2026年05月23日(土)

コラム・エッセイ

(8)芍薬

補 周南新百景 佐森芳夫(画家)

 「立てば芍薬、座れば牡丹、歩く姿は百合の花」、美しい女性の容姿や立ち振る舞いを花にたとえた諺(ことわざ)であるが、最近では、いろいろな意見があることなどから、使われることが少なくなったといえる。

 しかし、古い時代の物語や伝説を読み返してみると、そのことわざが持っている魅力を感じることができる。それは、たとえ、そのことわざが使われていない場合であっても、それがふさわしいと感じることもある。

 その一つが、『平家物語』の「扇の的」に登場する一人の女性であろう。「扇の的」といえば、船上にかかげられた扇をおよそ70メートル離れた場所から見事に射落とした那須与一の話が有名すぎるほど有名である。

 女性は、その陰に隠れているかのようにも思えるが、赤い袴に柳の五衣を着て、紅地に金色の日輪が描かれた扇を船の前部にはさみ立て、陸に向かって手招きをする優美な姿は、まさにことわざがふさわしいと言える。

 その女性について『平家物語』には詳しいことが書かれていないが、『源平盛衰記』には玉虫御前の名前が書かれている。源平の合戦後には、熊本県横野村の父のもとに身を寄せ、尼となって玉虫寺を建てたとされる。

 また、多くの平家の落人が隠れ住んだとされる熊本県八代市の五家荘(ごかのしょう)には、鬼山と名前を変えた玉虫御前が源氏方の追っ手であった那須与一の子と結ばれて幸せに暮らしたという伝説が残されている。
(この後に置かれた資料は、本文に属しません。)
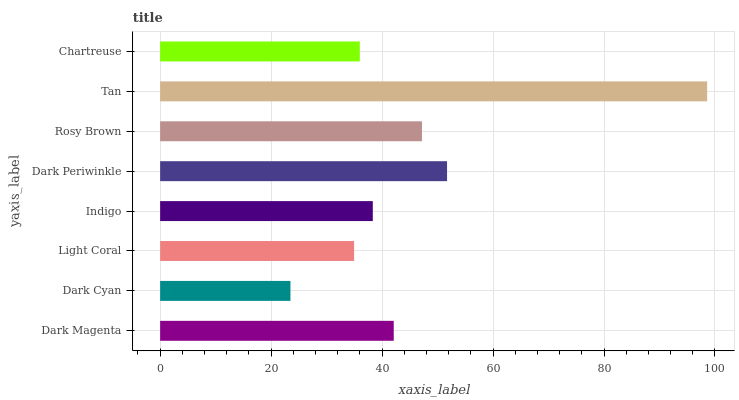Is Dark Cyan the minimum?
Answer yes or no. Yes. Is Tan the maximum?
Answer yes or no. Yes. Is Light Coral the minimum?
Answer yes or no. No. Is Light Coral the maximum?
Answer yes or no. No. Is Light Coral greater than Dark Cyan?
Answer yes or no. Yes. Is Dark Cyan less than Light Coral?
Answer yes or no. Yes. Is Dark Cyan greater than Light Coral?
Answer yes or no. No. Is Light Coral less than Dark Cyan?
Answer yes or no. No. Is Dark Magenta the high median?
Answer yes or no. Yes. Is Indigo the low median?
Answer yes or no. Yes. Is Indigo the high median?
Answer yes or no. No. Is Rosy Brown the low median?
Answer yes or no. No.

 そして、「立てば芍薬、座れば牡丹、歩く姿は百合の花」のことわざは、美しい女性の容姿や立ち振る舞いを花にたとえたものではなく、元々は生薬(しょうやく)の使い方をたとえた別の意味があるとも言われる。

 気が立った人には芍薬(しゃくやく)、座ってばかりいる人には牡丹、歩きながらふらついている人には百合、それぞれにふさわしい生薬があると伝えている。いずれも、花ではなく根や皮、地下茎などを使用する。